Democratic voters, for reasons that are debatable, appear to have more reverence for establishment politicians and institutions than Republicans—at least for now. A personality cult has been built around Donald Trump, the president of the United States, but his appeal among the frothing base of the party is baked into his status as an interloper and usurper, a proverbial swamp drainer. He exists to set Washington D.C. on fire to save the working man. That’s the image, at least. The ultimate bull trampling all china shops everywhere. Since Trump is such a noxious figure, Democrats now crave restoration and order, a return to the normalcy of the Obama years, when the president was not such a slovenly menace.
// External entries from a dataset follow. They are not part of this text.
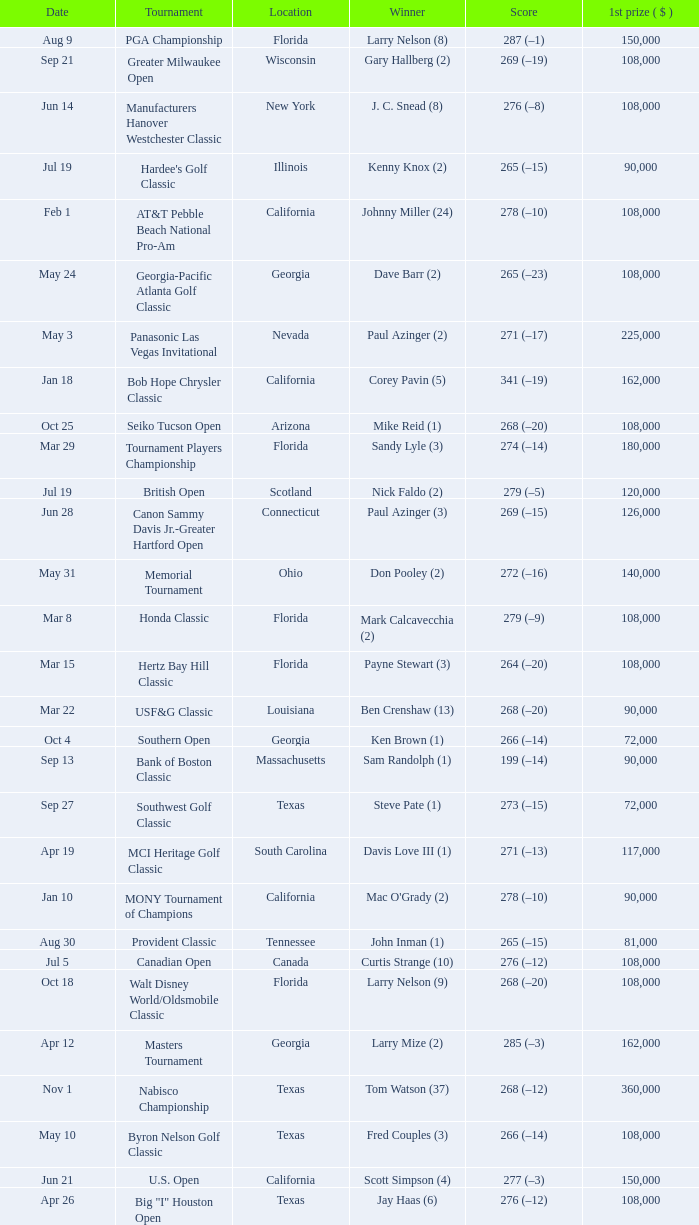What is the score from the winner Keith Clearwater (1)? 266 (–14). 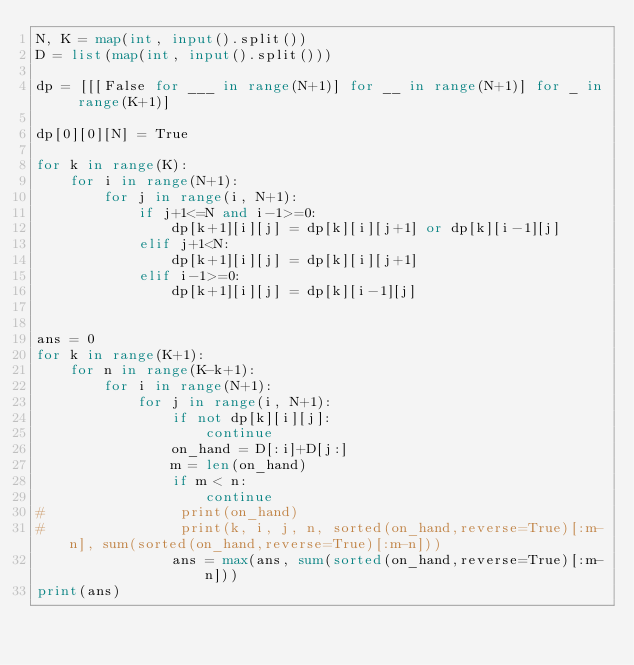Convert code to text. <code><loc_0><loc_0><loc_500><loc_500><_Python_>N, K = map(int, input().split())
D = list(map(int, input().split()))

dp = [[[False for ___ in range(N+1)] for __ in range(N+1)] for _ in range(K+1)]

dp[0][0][N] = True

for k in range(K):
    for i in range(N+1):
        for j in range(i, N+1):
            if j+1<=N and i-1>=0:
                dp[k+1][i][j] = dp[k][i][j+1] or dp[k][i-1][j]
            elif j+1<N:
                dp[k+1][i][j] = dp[k][i][j+1]
            elif i-1>=0:
                dp[k+1][i][j] = dp[k][i-1][j]
                

ans = 0
for k in range(K+1):
    for n in range(K-k+1):
        for i in range(N+1):
            for j in range(i, N+1):
                if not dp[k][i][j]:
                    continue
                on_hand = D[:i]+D[j:]
                m = len(on_hand)
                if m < n:
                    continue
#                print(on_hand)
#                print(k, i, j, n, sorted(on_hand,reverse=True)[:m-n], sum(sorted(on_hand,reverse=True)[:m-n]))
                ans = max(ans, sum(sorted(on_hand,reverse=True)[:m-n]))
print(ans)
            
            
            
</code>

These restoration voters were one bedrock of the 2020 Democratic primary. They are the people applauding John Kasich and Mike Bloomberg for telling Trump, impotently, to go to hell. They are the voters under the MSNBC spell, convinced that every malady known to humankind can be traced to the Orange Menace in the Oval Office. They were enraptured by Russiagate and Ukrainegate; they were sure Robert Mueller was going to chase Trump from office and lock him in prison before the 2018 midterms. They are willing to describe George W. Bush as a nice man who paints. Largely, they are drawn to a different kind of cult, politics as personality, attractive, witty men and women with Ivy League pedigrees gravely guiding domestic and foreign policy from the D.C. citadel, life as an Aaron Sorkin teleplay. They listen to Pod Save America and they love that Pete Buttigieg can speak Norwegian. They shopped around for presidential candidates not named Bernie Sanders. Settling, with a light sigh, they cast votes en masse for Joseph R. Biden Jr. They’re starting hope their new hunk, Andrew Cuomo, will run for president someday.
The Democratic Convention, really, is for them. This is their time. This is the political season in which #resistance might be enough, all factions of the Democratic Party united to defeat Trump, the future nothing more than a vague nirvana in which presidential tweets do not make news. In this moment, policy does not matter. Few people can really say what Biden wants to do or explain, with any conviction, why they will vote for him beyond that he is not named Donald John Trump. But, barring yet more horrific turns from COVID-19 or a catastrophic failure of the Post Office (all possible), they will be voting in November. Hatred can be as motivating as love.